Wednesday, August 29, 2007

Gimmie Jurl

Tonight I made a chocolate cake with my daughter. She helped pour the milk, crack the eggs, and stir in the cake mix. There was almost as much chocolate on her face as in the bowl.

Watching her lick the spatula and stick her fingers in the icing I was reminded of when I was a little girl in my grandmother's kitchen licking my own spatula clean.

We called my grandmother Gimmie because she gave us whatever we asked for. My grandmother was like a cantankerous fairy godmother-out of thin air she would produce your favorite dessert then chase you with a fly swatter for talking back. She made us laugh and she championed our every endeavor. When we had boy trouble she was always on our side and if someone dare cross one of her granddaughters she would attack like a Green Beret. All 90 pounds of her. She showed us what it meant to love others more than you love yourself. She gave us so much more than we could have asked for and in return we worshiped her.

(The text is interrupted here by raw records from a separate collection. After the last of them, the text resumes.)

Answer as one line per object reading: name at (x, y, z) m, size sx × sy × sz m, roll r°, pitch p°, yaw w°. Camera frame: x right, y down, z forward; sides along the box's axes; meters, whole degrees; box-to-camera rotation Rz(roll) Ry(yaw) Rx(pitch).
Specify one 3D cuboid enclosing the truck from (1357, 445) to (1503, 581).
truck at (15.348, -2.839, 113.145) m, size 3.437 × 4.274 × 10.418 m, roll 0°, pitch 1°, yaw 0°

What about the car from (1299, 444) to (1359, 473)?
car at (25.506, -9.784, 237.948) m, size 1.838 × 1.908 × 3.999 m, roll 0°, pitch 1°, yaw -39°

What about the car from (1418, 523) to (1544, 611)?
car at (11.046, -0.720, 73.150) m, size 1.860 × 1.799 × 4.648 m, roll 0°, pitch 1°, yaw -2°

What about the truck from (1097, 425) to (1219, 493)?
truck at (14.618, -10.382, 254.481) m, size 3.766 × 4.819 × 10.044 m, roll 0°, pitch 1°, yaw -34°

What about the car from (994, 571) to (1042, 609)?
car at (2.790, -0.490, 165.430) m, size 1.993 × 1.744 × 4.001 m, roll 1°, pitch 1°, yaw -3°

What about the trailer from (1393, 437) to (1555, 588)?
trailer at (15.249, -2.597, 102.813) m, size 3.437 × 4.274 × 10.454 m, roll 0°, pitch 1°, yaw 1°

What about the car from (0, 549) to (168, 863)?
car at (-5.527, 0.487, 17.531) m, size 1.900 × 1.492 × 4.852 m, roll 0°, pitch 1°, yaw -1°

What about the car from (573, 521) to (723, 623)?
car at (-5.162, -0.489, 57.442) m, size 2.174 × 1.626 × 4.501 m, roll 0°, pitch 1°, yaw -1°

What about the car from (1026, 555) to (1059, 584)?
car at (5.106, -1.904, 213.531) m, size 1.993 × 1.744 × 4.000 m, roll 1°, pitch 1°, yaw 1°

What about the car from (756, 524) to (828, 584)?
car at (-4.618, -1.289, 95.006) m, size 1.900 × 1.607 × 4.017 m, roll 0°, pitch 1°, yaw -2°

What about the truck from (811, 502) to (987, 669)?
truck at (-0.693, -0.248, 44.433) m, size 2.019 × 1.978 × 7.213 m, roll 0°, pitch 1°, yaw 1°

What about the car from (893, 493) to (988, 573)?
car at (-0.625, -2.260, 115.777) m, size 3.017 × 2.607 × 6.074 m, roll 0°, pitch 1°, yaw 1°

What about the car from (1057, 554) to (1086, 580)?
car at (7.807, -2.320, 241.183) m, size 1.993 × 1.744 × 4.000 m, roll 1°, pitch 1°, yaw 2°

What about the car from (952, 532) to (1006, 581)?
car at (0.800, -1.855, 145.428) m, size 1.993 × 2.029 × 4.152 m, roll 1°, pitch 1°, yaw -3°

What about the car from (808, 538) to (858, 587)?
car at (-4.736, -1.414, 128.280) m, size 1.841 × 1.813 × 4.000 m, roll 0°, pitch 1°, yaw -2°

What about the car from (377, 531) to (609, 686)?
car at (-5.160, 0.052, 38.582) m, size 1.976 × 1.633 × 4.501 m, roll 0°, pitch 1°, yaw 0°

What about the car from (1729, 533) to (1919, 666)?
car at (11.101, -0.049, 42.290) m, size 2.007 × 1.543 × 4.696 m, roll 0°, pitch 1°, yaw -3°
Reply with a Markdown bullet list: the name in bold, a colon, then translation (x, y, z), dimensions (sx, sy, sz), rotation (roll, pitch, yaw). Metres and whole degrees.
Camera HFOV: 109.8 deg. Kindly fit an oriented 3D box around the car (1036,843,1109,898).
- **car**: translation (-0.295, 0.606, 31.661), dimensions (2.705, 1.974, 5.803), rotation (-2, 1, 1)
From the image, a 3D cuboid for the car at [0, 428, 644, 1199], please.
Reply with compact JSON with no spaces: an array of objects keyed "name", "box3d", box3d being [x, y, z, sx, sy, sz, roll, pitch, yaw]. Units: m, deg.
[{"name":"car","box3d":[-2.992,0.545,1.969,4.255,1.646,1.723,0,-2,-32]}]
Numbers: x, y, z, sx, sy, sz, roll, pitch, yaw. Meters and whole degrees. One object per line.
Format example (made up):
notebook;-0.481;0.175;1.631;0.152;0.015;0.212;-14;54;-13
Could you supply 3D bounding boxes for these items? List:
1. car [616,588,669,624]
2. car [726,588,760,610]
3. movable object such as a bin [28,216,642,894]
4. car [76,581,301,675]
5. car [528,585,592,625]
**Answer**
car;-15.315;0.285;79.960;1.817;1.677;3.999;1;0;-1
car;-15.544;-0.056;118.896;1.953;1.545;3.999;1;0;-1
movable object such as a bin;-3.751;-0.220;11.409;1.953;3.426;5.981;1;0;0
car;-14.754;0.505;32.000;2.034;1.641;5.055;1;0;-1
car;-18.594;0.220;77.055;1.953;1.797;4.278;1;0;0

Next to my mother she was the person I was closest to in this world and her death, almost twelve years ago, took my breath away. I can honestly say it hurt every bit as much as I had anticipated. I had spent many nights praying that God would give me just a little longer with her because I needed her. I couldn't imagine a me without her. Sometimes I still can't. But, life moves on and eventually I moved with it. Law school, marriage, children. I often forget she never met my husband. It seems impossible he would not know her. It seems tragic she did not live to see my children.

I am constantly reminded of her-even more so now that I have children of my own. I try to do things with them that she did with us-baking cakes, singing songs, playing games. And I try to love others more than I love myself.

My grandmother was a stay-at-home mom. She was not famous or rich. She was just a woman that lived a small life in a big way. And she left her fingerprints on my soul. What greater accomplishment in life than to leave a legacy of love?


I hope one day Sam will be making a cake with her daughter and remember the smell of our kitchen. Remember how I let her pour the ingredients and lick the bowl. Such a small thing, such a huge impact. May God grant me the ability to leave one joyous fingerprint on her little soul. May God grant all of us a legacy of love.

5 comments:

squider said...

CRYING!!!

ATLGAL said...

What a great story of your Gimme. I had a Granny Era who was just like your Gimme-- she let us do whatever we wanted and loved us all (25 grandkids) unconditionally and liberally. She was an old school country lady who grew up on a farm, in poverty, as one of 6 kids and worked hard all her life as a cook and a seamstress, in addition to raising 8 kids (she started having kids at age 15 and kept at it for 20 whole years, can you imagine?!?!). She would have been just an ordinary little country lady to strangers, but she was extraordinary to us. She held her family together with a bond that is nearly antiquated by today's standards, she was a true matriarch, but absolutely selfless. Like you, I think of her always, and I cannot believe that my husband and baby never knew her, as she is such a huge part of me. I tell my husband stories about her nearly every day, as everything reminds me of her. My husband never knew his grandparents-- I cannot imagine such a thing, as my Granny and my Pap are as much a part of me as anything I've ever done myself. I loved your story of Gimme, it made me stop and say a prayer for my Granny Era (another one, as my little girl and I say one for her every night before bed). God Bless your Gimme who you know is in heaven watching you and is proud of you!

jurl said...

Thank you.

Anonymous said...

Also crying buckets.....she was my hero. I think she was all us girls' hero. Love ya,
REB

Anonymous said...

Oh, this one really hit home. My Oumie sounds like your Gimmie. She used to say she had a heart as big as a shack. There was nothing like a consoling hug from Oumie. Even today, almost ten years after she has been gone, I hold her as the epitome of grace, elegance, warmth, and unconditional love. I can only hope and pray that I achieve a small measure of her greatness as a person.